Actual examples include hanging out in front of a building, bending down and standing up too quickly, putting your hand in your pocket, and turning your body away from someone.

“All these things allegedly are, and in practice were, ways to stop and harass black and brown people, primarily,” McKenzie says. “So I started to think that, in some ways, black people in particular, we must be magic. Instead of saying ‘abracadabra’ to make something appear, we simply walk, or stick our hand in our pockets. And instead of summoning up a trick, we summoned up something else.”

Along with the reading, McKenzie will perform some of these furtive movements—a process he thinks of as “almost like drawing, but with my body.” True to their nature, however, these gestures may only be read as artwork by the fair-goers specifically seeking out McKenzie’s contribution. Grounded though it is in the ongoing scourge of racial profiling (which hardly ended with the reining-in of stop-and-frisk), the piece’s formal subtleties align it with earlier understated performance-based works, like Bruce Nauman’s Walking in an Exaggerated Manner Around the Perimeter of a Square (1968) or Yvonne Rainer’s Trio A (The Mind is a Muscle, Part I) (1966).
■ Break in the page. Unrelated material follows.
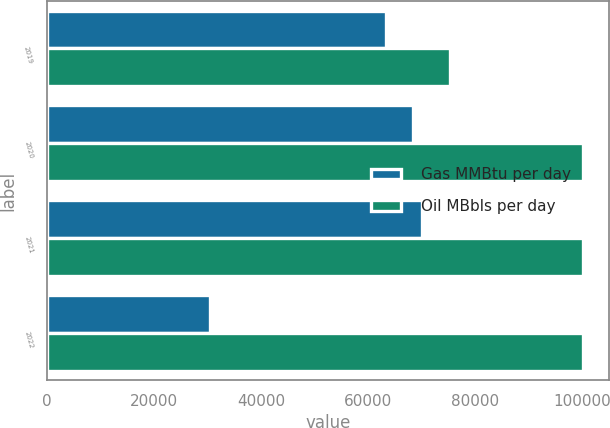Convert chart to OTSL. <chart><loc_0><loc_0><loc_500><loc_500><stacked_bar_chart><ecel><fcel>2019<fcel>2020<fcel>2021<fcel>2022<nl><fcel>Gas MMBtu per day<fcel>63356<fcel>68347<fcel>70000<fcel>30575<nl><fcel>Oil MBbls per day<fcel>75342<fcel>100000<fcel>100000<fcel>100000<nl></chart> 
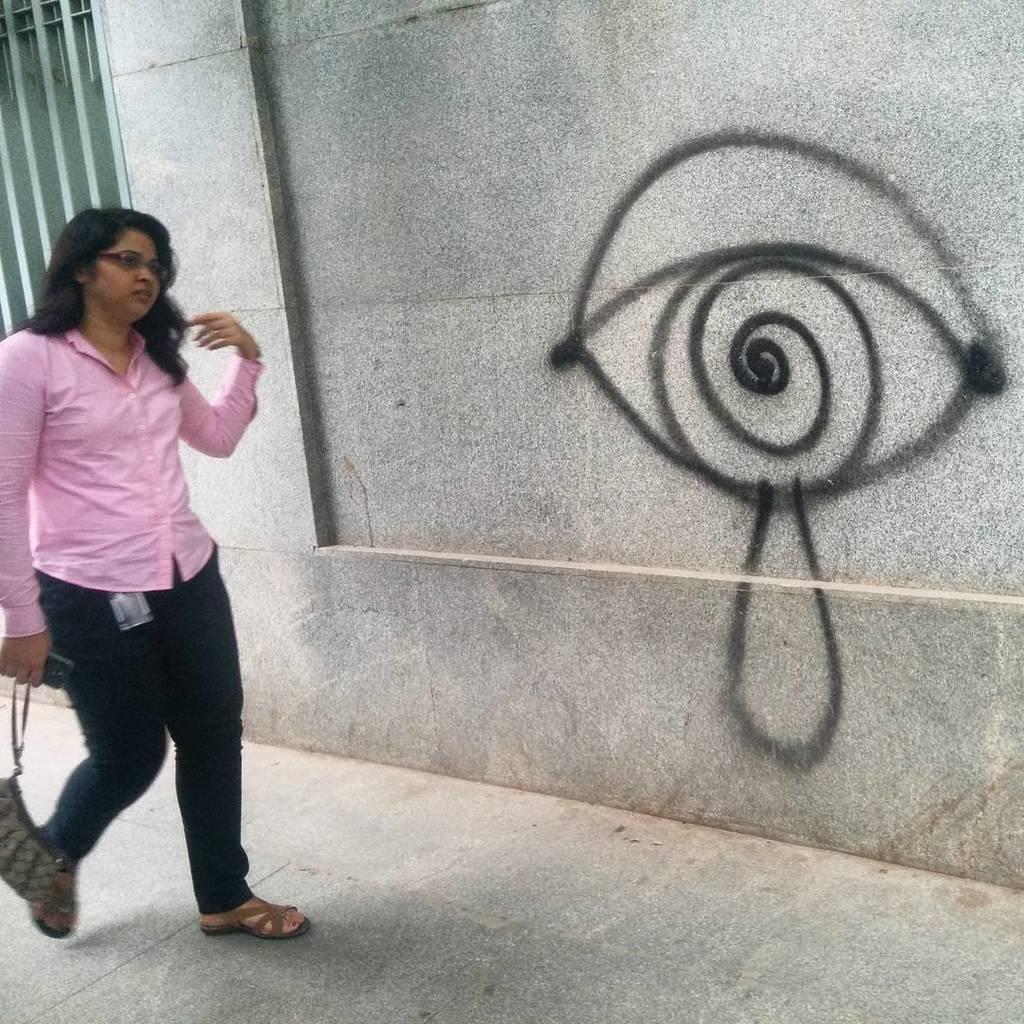Could you give a brief overview of what you see in this image? In this image in the center there is a woman walking and holding purse and a mobile phone in her hand. In the background there is a drawing on the wall.

Still from Dave McKenzie's <i>We Shall Overcome</i> (2004). Courtesy of the artist and Susanne Vielmetter Los Angeles Projects.

Still from Dave McKenzie’s We Shall Overcome (2004). Courtesy of the artist and Susanne Vielmetter Los Angeles Projects.

Past Is (and Isn’t) Prologue

Furtive Movements both fits in with, and stands out from, McKenzie’s previous works. He describes some of his earlier pieces as being “very much up-front,” like the 2003 performance video in which he put on a suit and a Bill Clinton mask to walk 125th Street in Harlem, shaking hands.

But he has also made vastly quieter pieces, such as pledging to return to New Orleans once a year for a decade as part of Prospect 1. “That work was largely invisible,” McKenzie says. “It only exists in the way that I’m telling you about it now,” making the work’s execution and memory virtually indistinguishable to anyone but the artist.

All of which ties back to Furtive Movements. In McKenzie’s words, “I tend to like the confusion of something. Often with works, the thing is not only what you see. Its description and its actual importance and quality are sometimes slightly someplace else.” To him, this seems especially apt in the context of a major art fair—one flooded by people, activity, and certain expectations for what work and images will look like.

“I’m not trying to entertain,” McKenzie says. “I don’t think anyone will see anything they haven’t seen before. That, to me, is so much the point.”